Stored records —

== Segment start ==

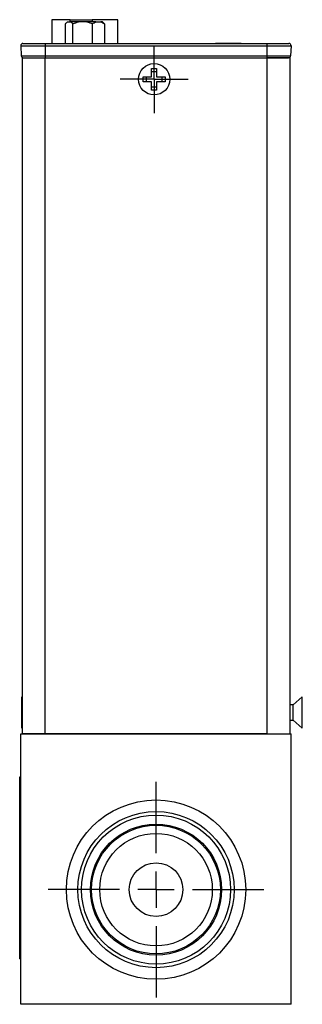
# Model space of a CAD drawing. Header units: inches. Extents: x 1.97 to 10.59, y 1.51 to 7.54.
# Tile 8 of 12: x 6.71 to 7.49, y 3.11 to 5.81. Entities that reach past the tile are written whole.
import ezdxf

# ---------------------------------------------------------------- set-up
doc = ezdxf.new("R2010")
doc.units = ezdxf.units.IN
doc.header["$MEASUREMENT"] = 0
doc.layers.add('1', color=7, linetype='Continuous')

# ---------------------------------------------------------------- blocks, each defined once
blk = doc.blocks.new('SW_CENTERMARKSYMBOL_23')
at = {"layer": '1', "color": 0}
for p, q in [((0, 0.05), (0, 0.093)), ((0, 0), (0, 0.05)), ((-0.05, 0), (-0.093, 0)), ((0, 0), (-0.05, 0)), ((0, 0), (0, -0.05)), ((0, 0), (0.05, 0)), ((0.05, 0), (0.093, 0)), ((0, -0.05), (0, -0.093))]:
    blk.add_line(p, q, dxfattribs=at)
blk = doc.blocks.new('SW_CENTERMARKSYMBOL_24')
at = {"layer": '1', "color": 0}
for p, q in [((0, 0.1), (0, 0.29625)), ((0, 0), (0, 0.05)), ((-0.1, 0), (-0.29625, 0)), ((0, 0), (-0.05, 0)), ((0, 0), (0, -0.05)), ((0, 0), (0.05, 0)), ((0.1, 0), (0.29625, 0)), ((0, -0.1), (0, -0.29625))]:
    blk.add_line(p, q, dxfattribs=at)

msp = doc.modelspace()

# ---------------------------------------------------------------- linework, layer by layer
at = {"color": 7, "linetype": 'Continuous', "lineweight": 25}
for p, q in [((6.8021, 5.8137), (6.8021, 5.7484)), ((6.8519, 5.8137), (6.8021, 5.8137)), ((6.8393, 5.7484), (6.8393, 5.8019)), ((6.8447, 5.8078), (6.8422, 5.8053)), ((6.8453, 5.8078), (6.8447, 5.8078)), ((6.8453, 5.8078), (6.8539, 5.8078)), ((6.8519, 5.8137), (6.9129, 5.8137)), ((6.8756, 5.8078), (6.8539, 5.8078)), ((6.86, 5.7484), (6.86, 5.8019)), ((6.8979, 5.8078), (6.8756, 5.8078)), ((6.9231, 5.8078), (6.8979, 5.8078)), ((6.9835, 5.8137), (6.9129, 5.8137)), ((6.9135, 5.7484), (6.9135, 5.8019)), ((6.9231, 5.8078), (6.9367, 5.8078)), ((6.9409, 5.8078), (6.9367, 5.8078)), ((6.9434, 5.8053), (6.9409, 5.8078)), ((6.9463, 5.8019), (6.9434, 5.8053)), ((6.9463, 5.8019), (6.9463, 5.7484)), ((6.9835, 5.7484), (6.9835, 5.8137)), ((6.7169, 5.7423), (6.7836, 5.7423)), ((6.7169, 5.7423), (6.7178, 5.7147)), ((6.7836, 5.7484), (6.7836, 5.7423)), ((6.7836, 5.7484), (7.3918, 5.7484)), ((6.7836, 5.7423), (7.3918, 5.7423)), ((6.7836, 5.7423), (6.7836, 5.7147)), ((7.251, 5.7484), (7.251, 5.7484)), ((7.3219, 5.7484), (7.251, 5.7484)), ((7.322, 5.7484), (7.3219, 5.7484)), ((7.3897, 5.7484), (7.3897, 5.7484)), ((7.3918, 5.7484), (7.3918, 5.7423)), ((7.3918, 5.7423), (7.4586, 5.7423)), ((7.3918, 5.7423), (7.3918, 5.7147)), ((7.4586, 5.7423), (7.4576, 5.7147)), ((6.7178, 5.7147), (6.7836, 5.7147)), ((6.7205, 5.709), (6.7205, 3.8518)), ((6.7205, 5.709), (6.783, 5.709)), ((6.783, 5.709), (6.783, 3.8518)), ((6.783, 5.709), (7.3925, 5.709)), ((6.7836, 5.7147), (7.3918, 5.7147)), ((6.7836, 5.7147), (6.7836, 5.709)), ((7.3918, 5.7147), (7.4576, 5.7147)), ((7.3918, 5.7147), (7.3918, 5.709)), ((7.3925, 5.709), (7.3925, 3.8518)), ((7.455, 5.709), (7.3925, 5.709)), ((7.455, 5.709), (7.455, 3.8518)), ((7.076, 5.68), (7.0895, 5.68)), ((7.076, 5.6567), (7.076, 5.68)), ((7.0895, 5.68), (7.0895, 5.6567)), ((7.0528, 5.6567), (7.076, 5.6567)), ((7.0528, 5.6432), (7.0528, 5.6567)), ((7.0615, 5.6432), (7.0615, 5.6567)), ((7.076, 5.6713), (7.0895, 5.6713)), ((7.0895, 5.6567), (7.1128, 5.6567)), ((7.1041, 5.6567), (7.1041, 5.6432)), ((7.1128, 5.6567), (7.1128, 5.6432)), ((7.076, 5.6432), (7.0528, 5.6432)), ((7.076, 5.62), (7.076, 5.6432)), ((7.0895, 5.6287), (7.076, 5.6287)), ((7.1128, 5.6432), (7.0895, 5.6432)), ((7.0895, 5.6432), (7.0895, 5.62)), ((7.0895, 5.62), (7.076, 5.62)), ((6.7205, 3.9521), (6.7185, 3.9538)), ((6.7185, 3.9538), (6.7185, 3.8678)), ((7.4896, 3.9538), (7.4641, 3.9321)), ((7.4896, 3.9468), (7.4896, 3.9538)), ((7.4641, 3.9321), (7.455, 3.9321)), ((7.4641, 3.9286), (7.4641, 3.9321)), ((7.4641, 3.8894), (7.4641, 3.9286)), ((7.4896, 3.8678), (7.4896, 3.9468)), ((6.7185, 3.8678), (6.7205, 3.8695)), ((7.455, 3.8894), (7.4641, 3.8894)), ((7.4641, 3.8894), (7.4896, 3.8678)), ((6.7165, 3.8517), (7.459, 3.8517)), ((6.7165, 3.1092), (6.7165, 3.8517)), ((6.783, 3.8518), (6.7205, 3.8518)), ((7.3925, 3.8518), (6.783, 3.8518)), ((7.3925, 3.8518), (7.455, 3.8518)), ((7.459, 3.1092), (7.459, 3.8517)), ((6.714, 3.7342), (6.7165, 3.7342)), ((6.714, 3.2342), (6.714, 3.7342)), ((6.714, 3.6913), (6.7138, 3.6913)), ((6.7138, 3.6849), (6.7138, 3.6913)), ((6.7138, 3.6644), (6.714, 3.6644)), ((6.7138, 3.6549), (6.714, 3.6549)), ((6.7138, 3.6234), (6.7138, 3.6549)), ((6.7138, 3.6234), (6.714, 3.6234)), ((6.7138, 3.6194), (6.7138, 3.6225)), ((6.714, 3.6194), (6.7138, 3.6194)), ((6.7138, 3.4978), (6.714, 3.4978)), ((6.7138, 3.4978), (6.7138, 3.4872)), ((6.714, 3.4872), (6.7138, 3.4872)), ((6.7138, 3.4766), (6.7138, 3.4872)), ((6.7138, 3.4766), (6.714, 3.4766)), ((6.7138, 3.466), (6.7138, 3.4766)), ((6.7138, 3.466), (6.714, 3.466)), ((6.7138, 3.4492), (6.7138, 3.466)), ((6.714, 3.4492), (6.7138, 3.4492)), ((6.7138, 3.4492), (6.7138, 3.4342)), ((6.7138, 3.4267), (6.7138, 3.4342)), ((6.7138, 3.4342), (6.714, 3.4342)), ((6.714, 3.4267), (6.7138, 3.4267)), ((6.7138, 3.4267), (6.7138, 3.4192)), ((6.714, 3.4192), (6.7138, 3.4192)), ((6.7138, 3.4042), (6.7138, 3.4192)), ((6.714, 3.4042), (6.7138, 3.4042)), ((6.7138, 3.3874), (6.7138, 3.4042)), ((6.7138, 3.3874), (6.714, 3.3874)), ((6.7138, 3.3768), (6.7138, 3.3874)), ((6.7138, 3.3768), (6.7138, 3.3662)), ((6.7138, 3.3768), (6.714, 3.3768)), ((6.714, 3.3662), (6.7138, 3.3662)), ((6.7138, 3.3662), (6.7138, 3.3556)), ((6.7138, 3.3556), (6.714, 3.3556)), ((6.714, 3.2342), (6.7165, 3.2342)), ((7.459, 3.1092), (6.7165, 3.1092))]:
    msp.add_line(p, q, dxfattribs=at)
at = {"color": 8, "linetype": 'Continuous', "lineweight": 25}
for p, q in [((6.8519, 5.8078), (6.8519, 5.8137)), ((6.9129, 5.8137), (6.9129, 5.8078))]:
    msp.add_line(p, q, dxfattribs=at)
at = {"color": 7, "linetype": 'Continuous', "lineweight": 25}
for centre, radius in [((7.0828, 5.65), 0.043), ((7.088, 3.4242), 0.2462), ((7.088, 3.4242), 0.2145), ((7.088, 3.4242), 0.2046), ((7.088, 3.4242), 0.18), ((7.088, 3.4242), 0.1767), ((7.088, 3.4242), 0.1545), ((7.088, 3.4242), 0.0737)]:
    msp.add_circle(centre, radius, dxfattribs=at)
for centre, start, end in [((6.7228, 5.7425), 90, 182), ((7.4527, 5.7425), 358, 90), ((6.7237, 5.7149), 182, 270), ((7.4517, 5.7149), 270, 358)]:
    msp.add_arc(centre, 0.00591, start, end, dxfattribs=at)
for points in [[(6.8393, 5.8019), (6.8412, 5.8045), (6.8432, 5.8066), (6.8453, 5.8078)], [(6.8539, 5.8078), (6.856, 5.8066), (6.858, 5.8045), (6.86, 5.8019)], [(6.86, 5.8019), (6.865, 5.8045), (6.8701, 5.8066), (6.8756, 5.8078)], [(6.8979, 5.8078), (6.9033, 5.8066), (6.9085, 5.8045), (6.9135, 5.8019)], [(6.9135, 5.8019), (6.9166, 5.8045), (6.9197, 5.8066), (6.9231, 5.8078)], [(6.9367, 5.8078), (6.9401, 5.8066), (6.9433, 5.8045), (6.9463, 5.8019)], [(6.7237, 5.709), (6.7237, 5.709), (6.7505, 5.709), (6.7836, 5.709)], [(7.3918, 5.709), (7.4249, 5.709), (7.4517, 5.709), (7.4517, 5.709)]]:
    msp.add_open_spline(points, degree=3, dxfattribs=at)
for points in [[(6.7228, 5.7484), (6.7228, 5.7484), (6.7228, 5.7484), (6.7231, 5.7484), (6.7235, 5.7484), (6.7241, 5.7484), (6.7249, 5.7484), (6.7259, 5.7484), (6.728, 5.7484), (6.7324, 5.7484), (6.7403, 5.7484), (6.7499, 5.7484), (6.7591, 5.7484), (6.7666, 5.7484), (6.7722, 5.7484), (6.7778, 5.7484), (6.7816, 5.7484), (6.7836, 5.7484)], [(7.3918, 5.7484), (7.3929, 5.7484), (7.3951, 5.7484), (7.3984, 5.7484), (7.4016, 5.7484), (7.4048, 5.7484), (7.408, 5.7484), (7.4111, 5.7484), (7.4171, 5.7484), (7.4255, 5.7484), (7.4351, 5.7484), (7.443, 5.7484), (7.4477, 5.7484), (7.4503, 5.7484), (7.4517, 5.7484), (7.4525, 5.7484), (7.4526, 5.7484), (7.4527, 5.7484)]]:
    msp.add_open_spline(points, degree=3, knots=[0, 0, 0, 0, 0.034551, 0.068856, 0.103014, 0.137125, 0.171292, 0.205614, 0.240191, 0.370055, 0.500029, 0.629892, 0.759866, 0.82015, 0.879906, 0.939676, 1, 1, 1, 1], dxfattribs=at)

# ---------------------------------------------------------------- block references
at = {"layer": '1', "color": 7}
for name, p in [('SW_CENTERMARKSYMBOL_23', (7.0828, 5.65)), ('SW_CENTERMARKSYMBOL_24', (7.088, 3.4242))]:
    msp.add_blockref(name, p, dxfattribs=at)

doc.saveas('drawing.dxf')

== Segment end ==

AIM OF THE TASK — Copy only the part of the records that runs from the first line to the line with "import ezdxf", ends included, leaving pictures out.

OUTPUT FOR THIS EXERCISE —
# Model space of a CAD drawing. Header units: inches. Extents: x 1.97 to 10.59, y 1.51 to 7.54.
# Tile 8 of 12: x 6.71 to 7.49, y 3.11 to 5.81. Entities that reach past the tile are written whole.
import ezdxf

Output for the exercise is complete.